It's the middle of the night, and your child has a fever or is in pain. They can't sleep and neither can you. Can you give them acetaminophen (also known as Tylenol) to help them feel more comfortable? As with all medicines, there's not an absolute yes or no, but before you give your child Tylenol, here are five things you should know.
1. For Young Children, Check With Your Doctor
If your child has a fever, you may be tempted to administer medicine to lower it. However, if your child is younger than 3 months old, they should be seen by a doctor first because fevers in young babies can be serious. If your child is under 2 years old, check with your doctor before giving Tylenol to be on the safe side.
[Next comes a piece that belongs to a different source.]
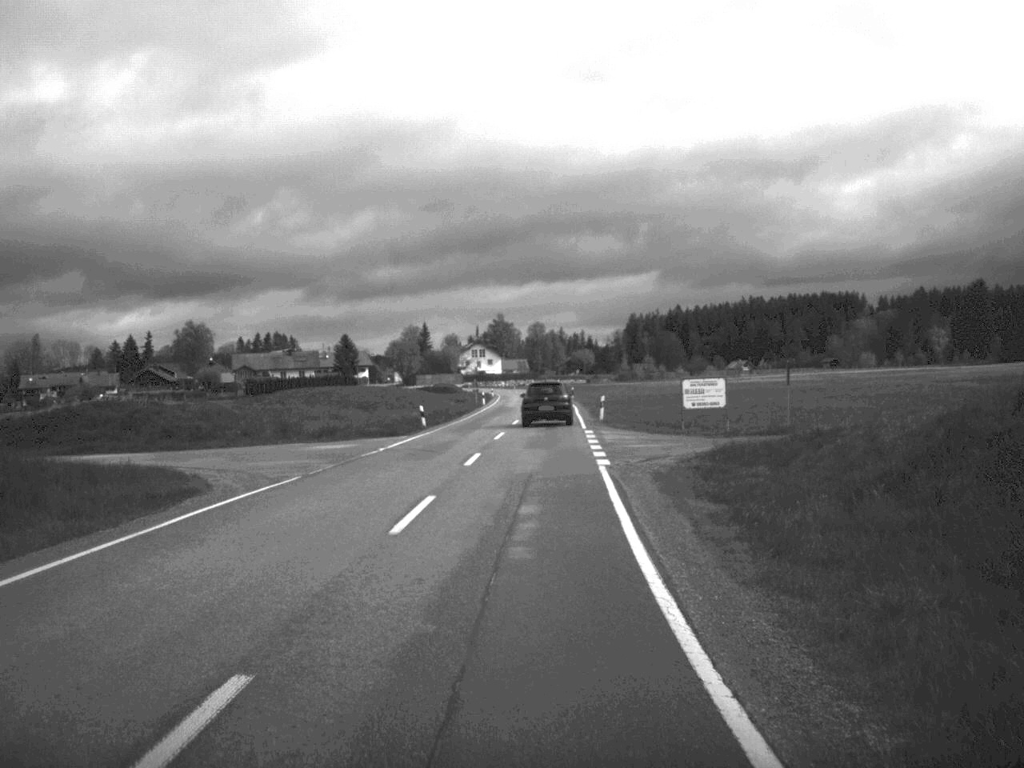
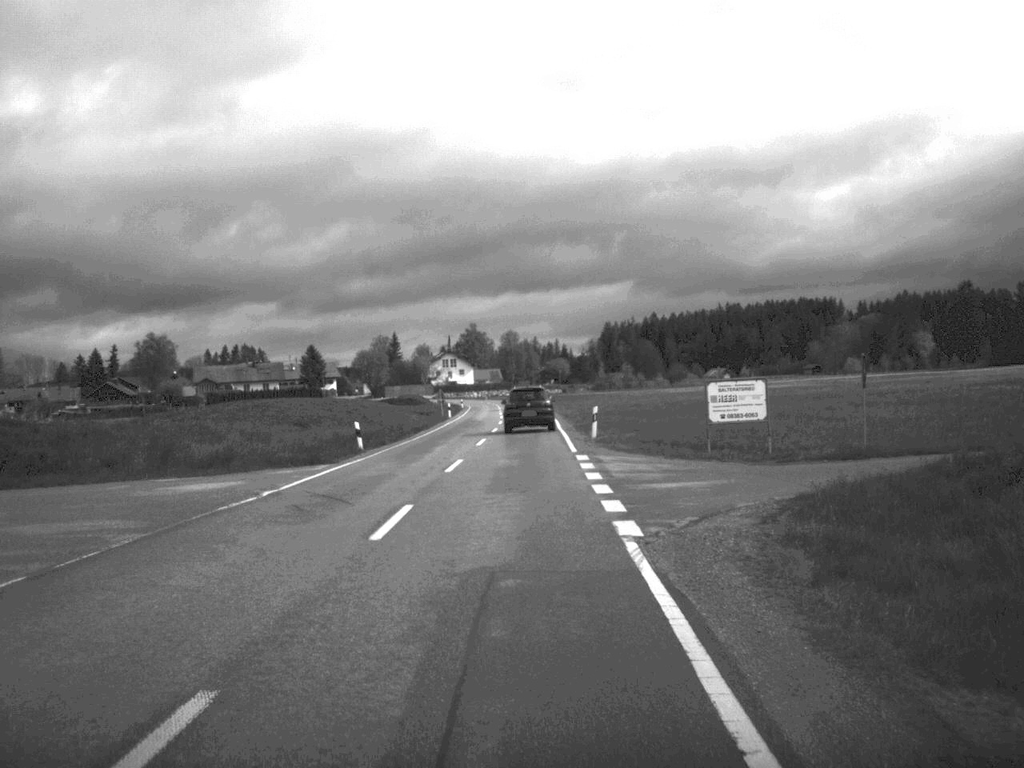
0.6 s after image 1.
(+0.1, +12.0) m; +1°
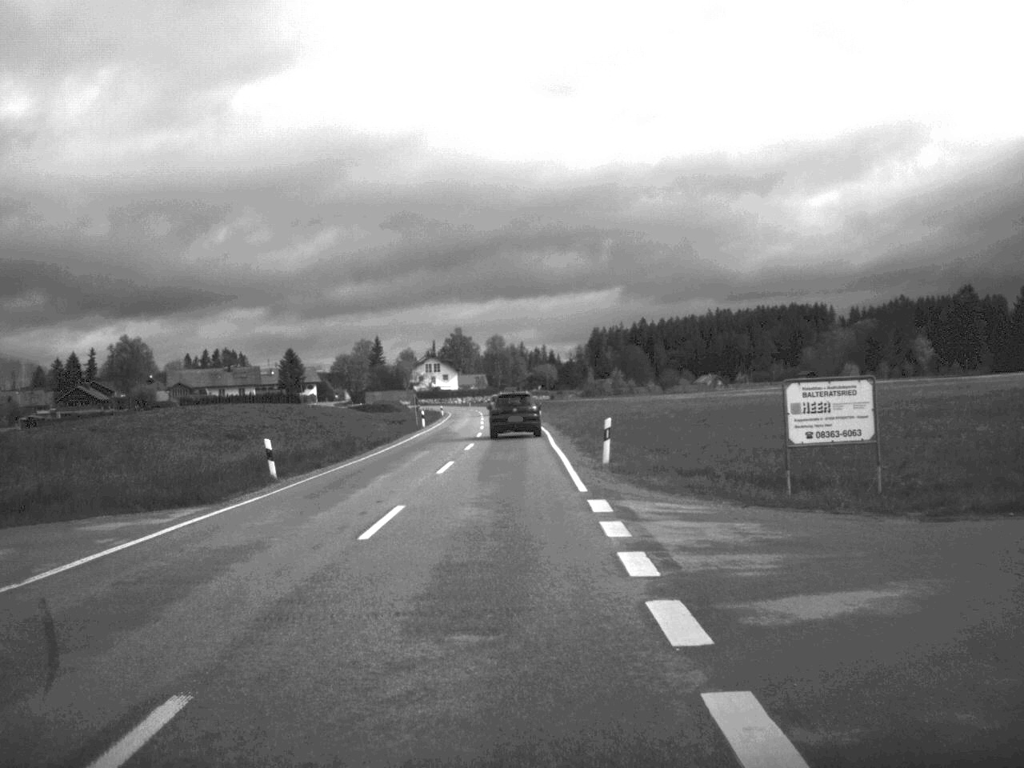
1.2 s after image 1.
(+0.1, +11.4) m; 0°

If your child still has pain or fever after a few doses of Tylenol, and you're concerned, speak with your pediatrician to see if your child needs to be evaluated or if it's OK to continue giving the Tylenol.
2. Dose Matters
It's vital that you follow the instructions on the label when giving your child Tylenol. Unlike Tylenol for adults, pediatric doses are based on the child's size and age. In addition, there are several different children's formulations with differing concentrations. For example, liquid Tylenol that's meant to be given by dropper is not the same as liquid Tylenol given by teaspoon. Read the label closely.
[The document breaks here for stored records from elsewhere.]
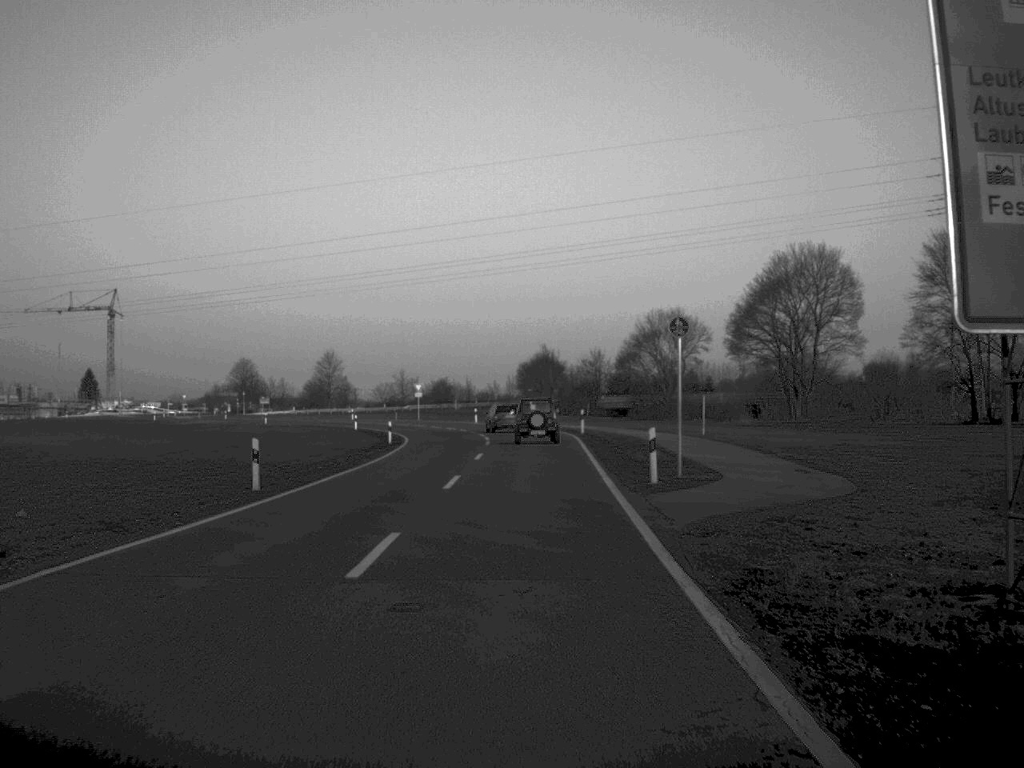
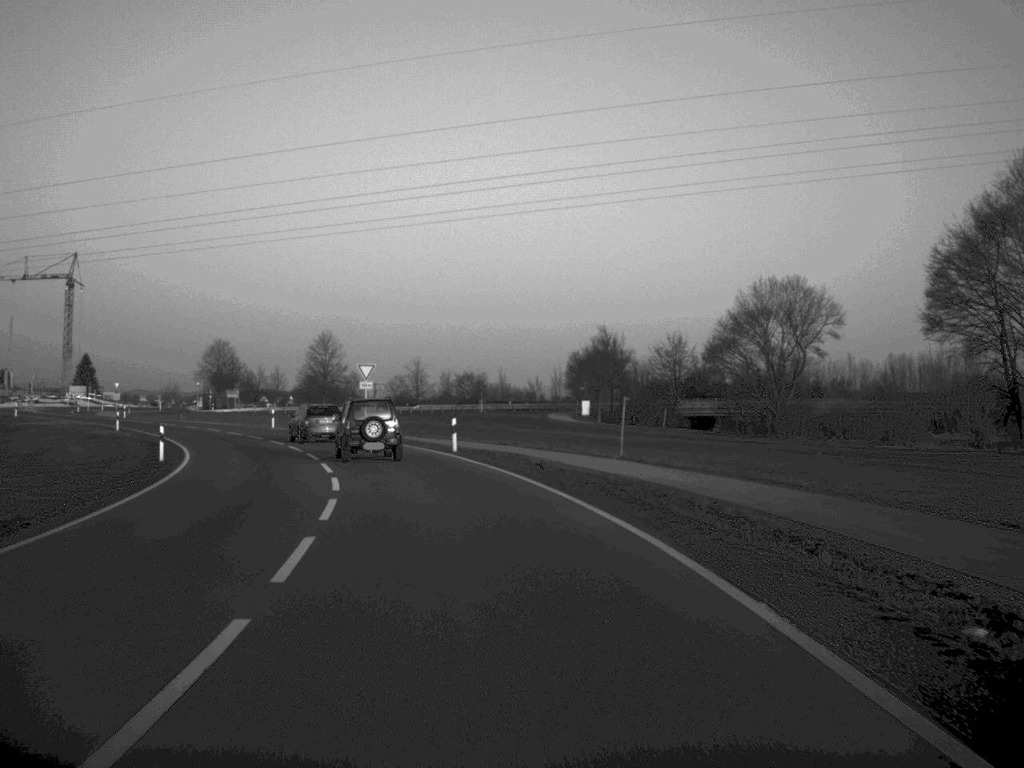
(+0.2, +54.2) m; -2°
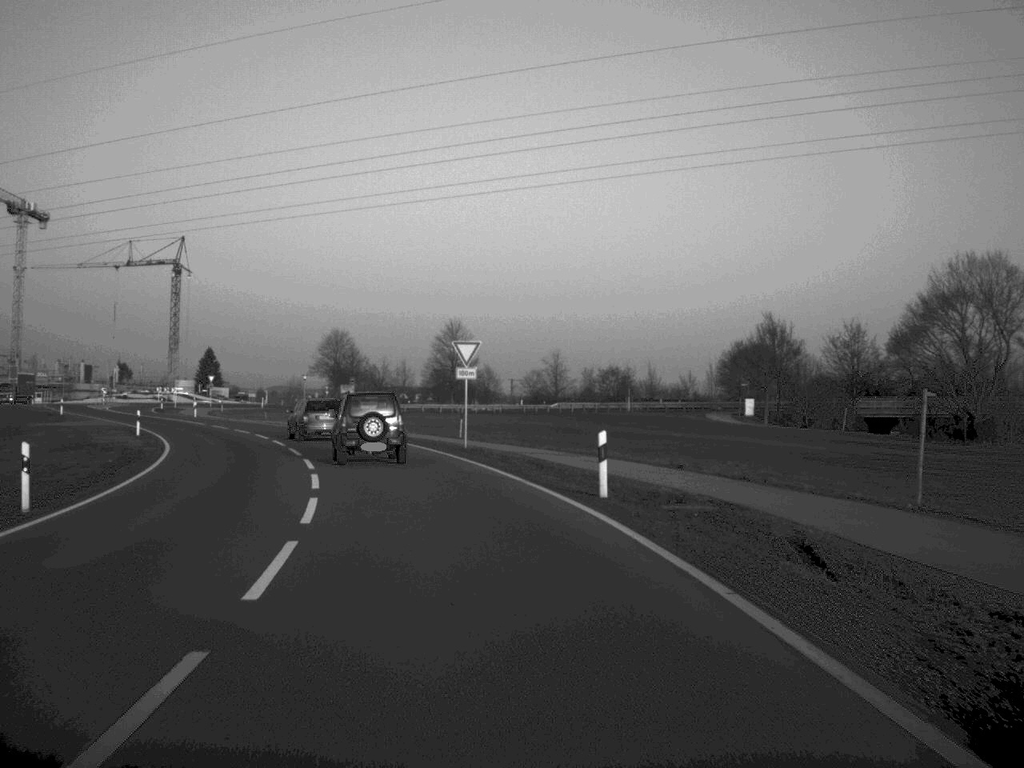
(-1.0, +19.2) m; -6°
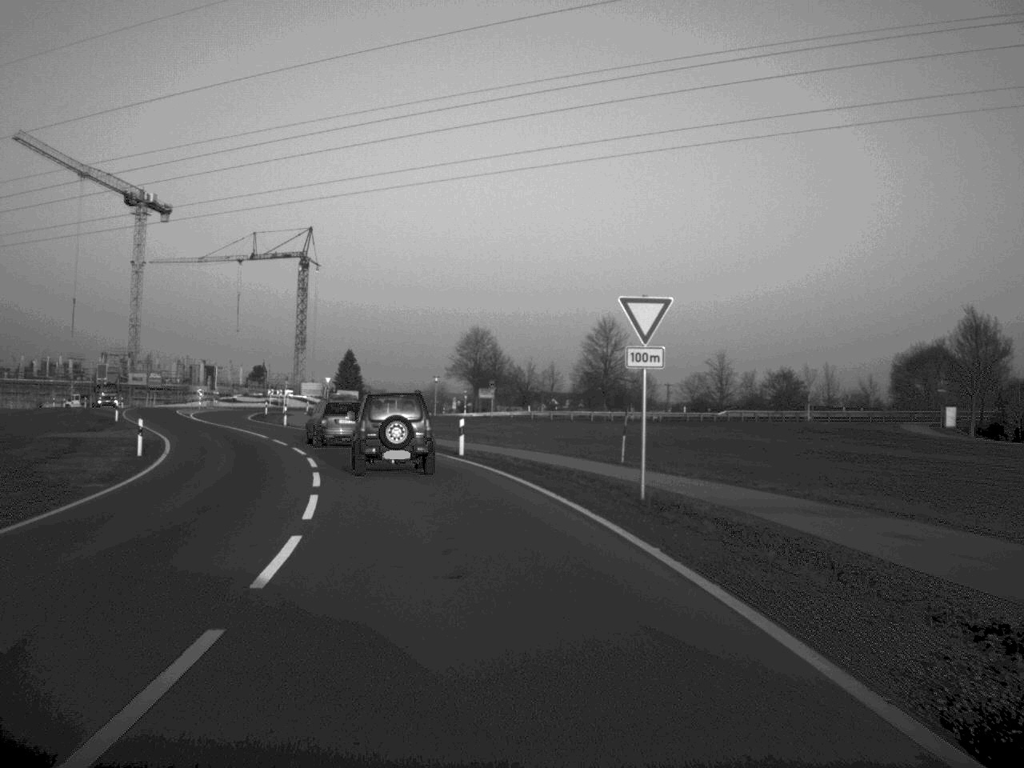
(-1.1, +17.6) m; -7°
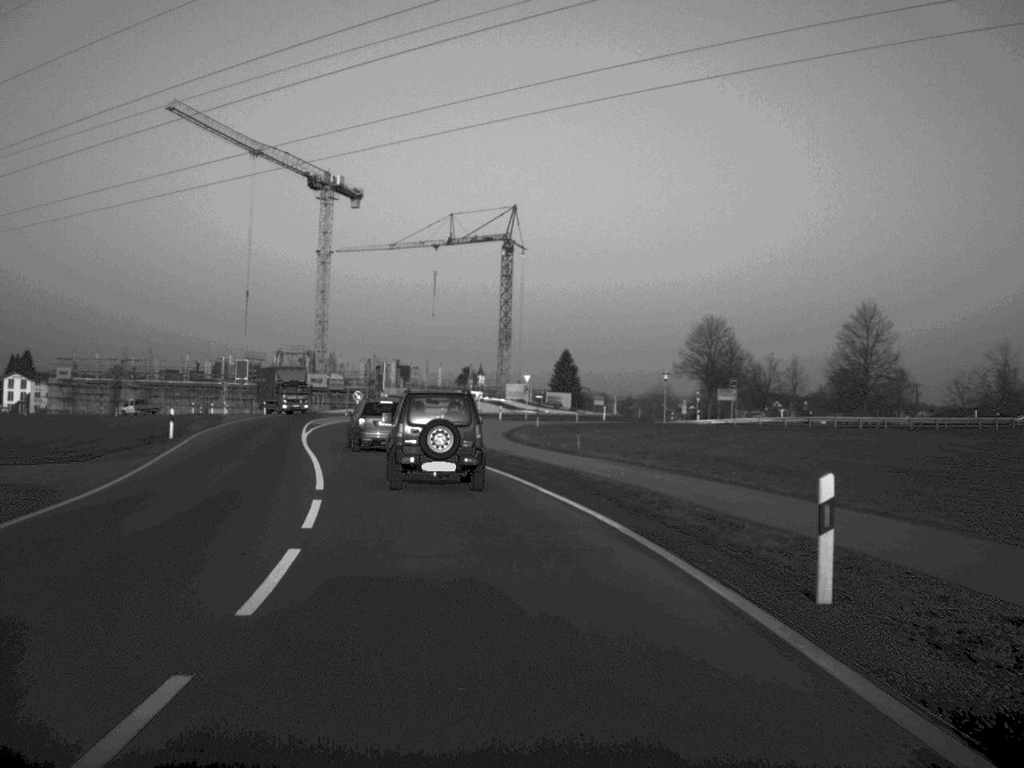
(-2.2, +25.7) m; -10°
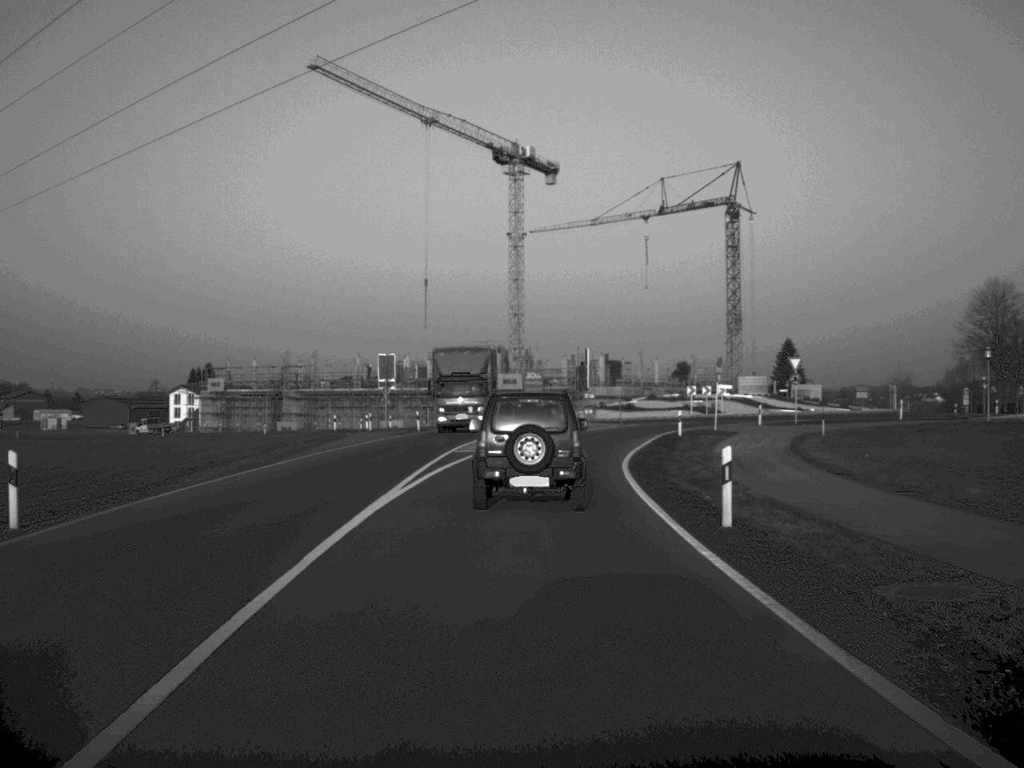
(-2.7, +28.6) m; -9°
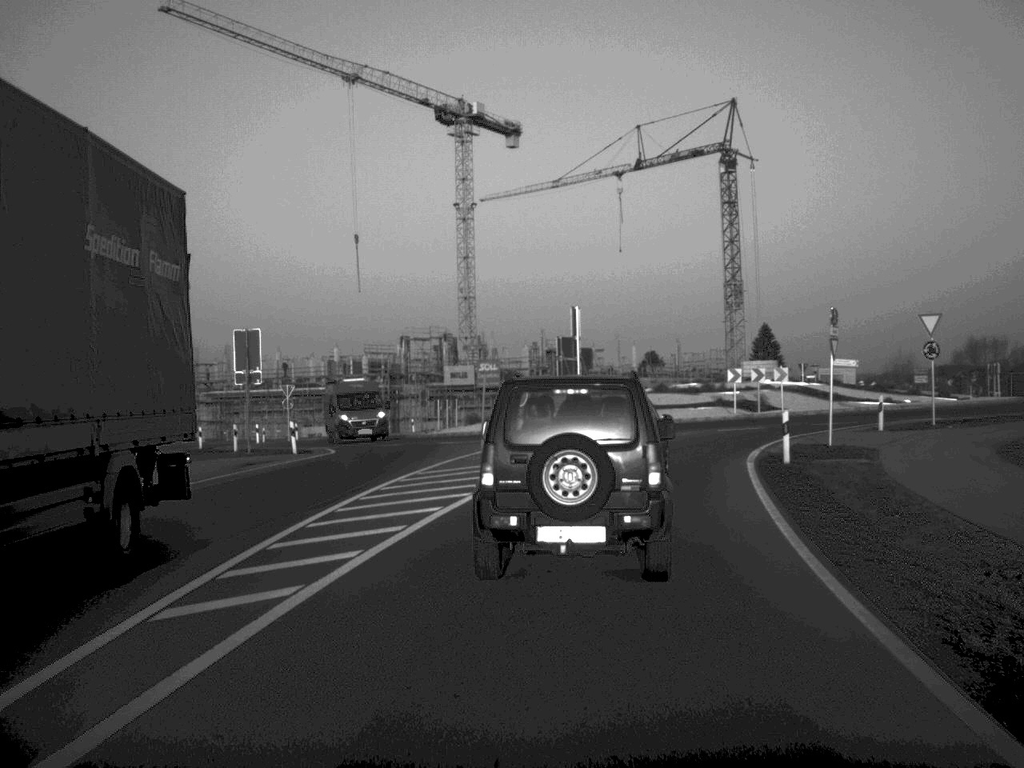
(+0.2, +26.7) m; +2°

If you're using liquid Tylenol, do not use a regular kitchen measuring spoon. These aren't accurate enough for medications of any type, including Tylenol. Ask your pharmacist what measuring tool is best. It could be a little cup or dropper that comes with the Tylenol or a needleless syringe that you can use to squirt the medicine into your child's mouth.
3. Be Sure the Tylenol Is for Children
It's easy to pick up the wrong bottle when you're stressed and your child is sick. When you want to give your child Tylenol, take a good look at the bottle. Make sure it says that it's children's Tylenol, not the one for adults.
4. Double-Check Other Medicines
If you've already given your child a cold or flu medicine, you may have already given them acetaminophen. It's a common ingredient in those medicines, so check the ingredient list. If there's acetaminophen in the medication, don't follow up with Tylenol. Otherwise, your child will receive too high a dose.
5. Keep a Record
Keeping a record of how much Tylenol you give your child is important, especially if you're not the only caregiver. Someone else — the other parent, a grandparent, a babysitter — may think to administer Tylenol, not realizing that you've already given a dose. Keeping a sheet of paper on the fridge or somewhere visible, listing the time and the dose you administered, can help reduce the risk of double dosing.
Tylenol is an over-the-counter medication, but like all medicines, it must be used with caution. By taking these simple steps, and consulting with your pediatrician, you can help your child feel better while reducing the risk of errors.